03 March 2021
The EU will seek agreements between EU judicial cooperation agency Eurojust and a range of non-EU countries - including states with dismal human rights records such as Egypt, Turkey, Israel and Algeria - following approval from the Council of the EU for the opening of negotiations.
The agreements, which will be sought with 13 states in total, would enable cooperation betweenm Eurojust and the criminal justice authorities of those countries, in particular on “serious crime, notably terrorism, organised crime, illicit trafficking of firearms, drug trafficking, trafficking in human beings and migrant smuggling, and cybercrime,” according to a copy of the negotiating directives obtained by Statewatch (pdf).
The agreements, which will be negotiated by the European Commission, will be sought with Algeria, Argentina, Armenia, Bosnia and Herzegovina, Brazil, Colombia, Egypt, Israel, Jordan, Lebanon, Morocco, Tunisia and Turkey, with the states chosen on the basis of suggestions from Eurojust and approval from the Council.
The European Commission is also supposed to be negotiating cooperation agreements for EU policing agency Europol with eight of those states - Algeria, Egypt, Israel, Jordan, Lebanon, Morocco, Tunisia and Turkey - although progress has been glacial.
The European Commission’s original proposal for a Council Decision authorising the opening of negotiations on new Eurojust agreements only included 10 states, with Argentina, Brazil and Colombia added following pressure from Eurojust and the member states and justified on the basis of “operational needs”, according to a separate document (pdf).
European Commission Vice-President for Justice, Didier Reynders, said in a press release: “Criminals don’t stop at European borders; they act globally.

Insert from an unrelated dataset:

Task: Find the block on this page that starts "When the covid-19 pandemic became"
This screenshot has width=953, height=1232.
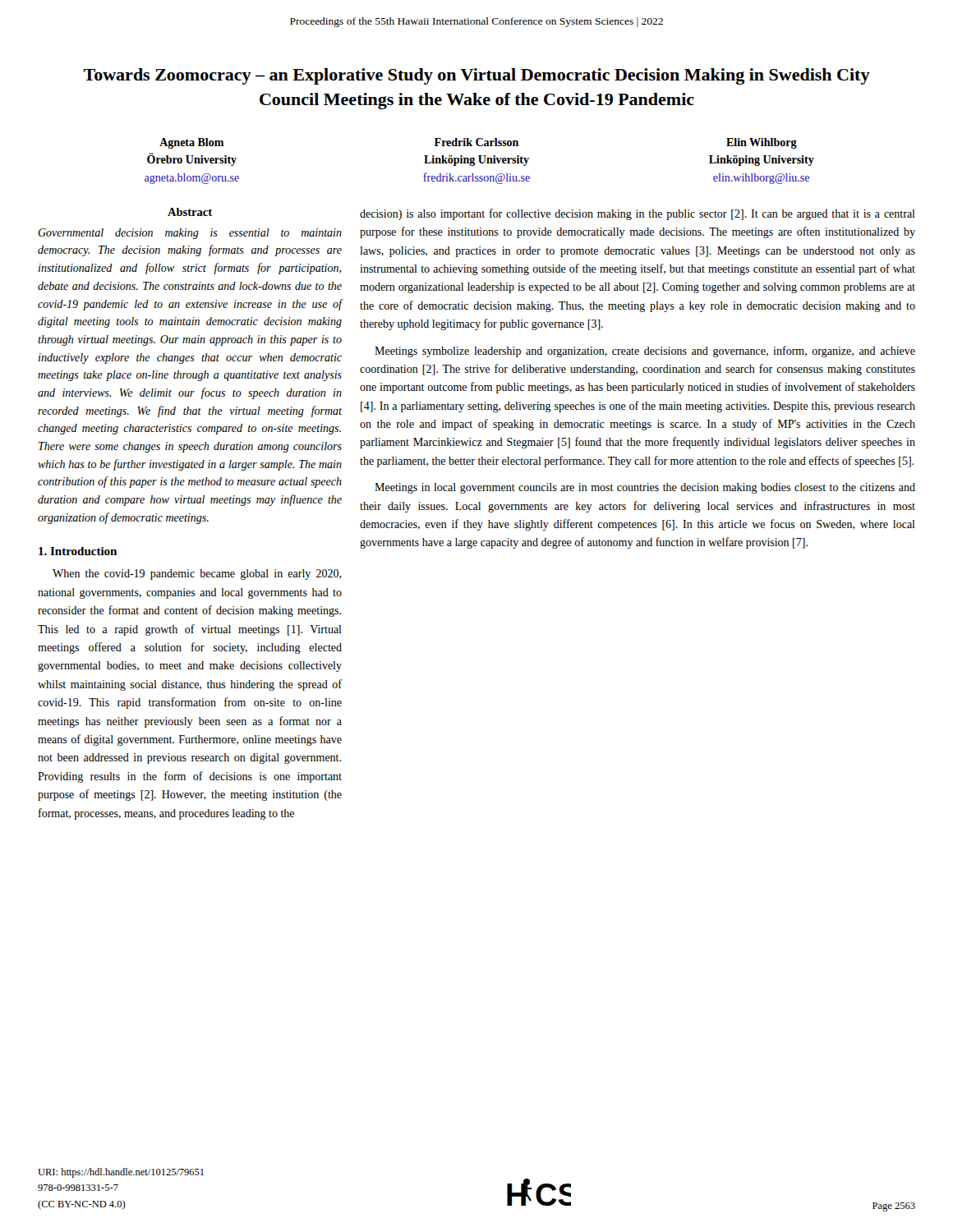Action: 190,694

With an effective cooperation between EU countries and partner countries, we can catch more criminals and make the world safer.”
Human rights or realpolitik?
Given the human rights records of some of the countries on the list, the proposed agreements are likely to cause deep concern amongst human rights advocates, despite the negotiating directives stating that the agreements must include safeguards on “personal data, fundamental rights and freedoms of individuals”.
In January, on the tenth anniversary of the 2011 revolution in Egypt, a group of human rights organisations called on the EU to take a tougher stance against human rights abuses in the country, underscoring that “the hopes for freedom and human rights-oriented reform that led Egyptians to take to the streets almost a decade ago have been shattered by years of brutal repression and a relentless crackdown on any form of dissent.”
Turkey is another proposed ‘partner’ for Eurojust with serious human rights problems. Ali Yildiz of The Arrested Lawyers initiative, which campaigns in support of the hundreds of lawyers arrested by the Turkish authorities in recent years, told Statewatch that torture is widespread in the country’s criminal justice system and that there is “systematic abuse” of anti-terrorism laws.
Research published by the initiative last July indicates that “Turkish public prosecutors have filed more than 392,000 charges [of terrorism] within the last seven years.”
Furthermore, said Yildiz, Turkey’s Council of Judges and Prosecutors is essentially controlled by the government – six of its 13 members are appointed by the President, while the other seven are put in place by the Grand National Assembly, currently under control of Erdogan’s Justice and Development Party.
The European Commission, which on behalf of the EU will undertake negotiations with the countries in question, has raised similar concerns – its 2020 report on Turkey decried a “systemic lack of independence of the judiciary” and “serious backsliding of the respect for democratic standards, the rule of law, and fundamental freedoms”.
For entirely different reasons, Cyprus "strongly disagrees" with the decision to open negotiations with Turkey, stating in a declaration (pdf) that "Turkey continues its discriminatory policy towards the Republic of Cyprus and refuse to cooperate with the latter’s authorities in all areas." In a separate declaration (pdf), the European Commission has raised concerns over the Council's decision to include a specific legal basis in its Decision authorising the opening of negotiations.
The Council’s negotiating directives place heavy emphasis on the need to ensure the protection of personal data transferred by Eurojust to any of the 13 states in question, but they do not make clear what should be done should Eurojust receive data that was obtained in violation of human rights standards.
Europol – Eurojust’s policing counterpart – is explicitly forbidden from processing “information which has clearly been obtained in obvious violation of human rights,” but there is no such restriction in Eurojust’s legal basis, and there is no explicit requirement for safeguards on this point in the negotiating directives.
The directives do say that any agreement should include a provision whereby either party can terminate or suspend it, “in particular where the third country concerned no longer effectively ensures the level of protection of fundamental rights and freedoms required under the Agreement.”
Given the level of protection of fundamental rights and freedoms in some of the states with which the European Commission will soon start negotiations, how bad would things have to get for the EU to terminate or suspend an agreement with them?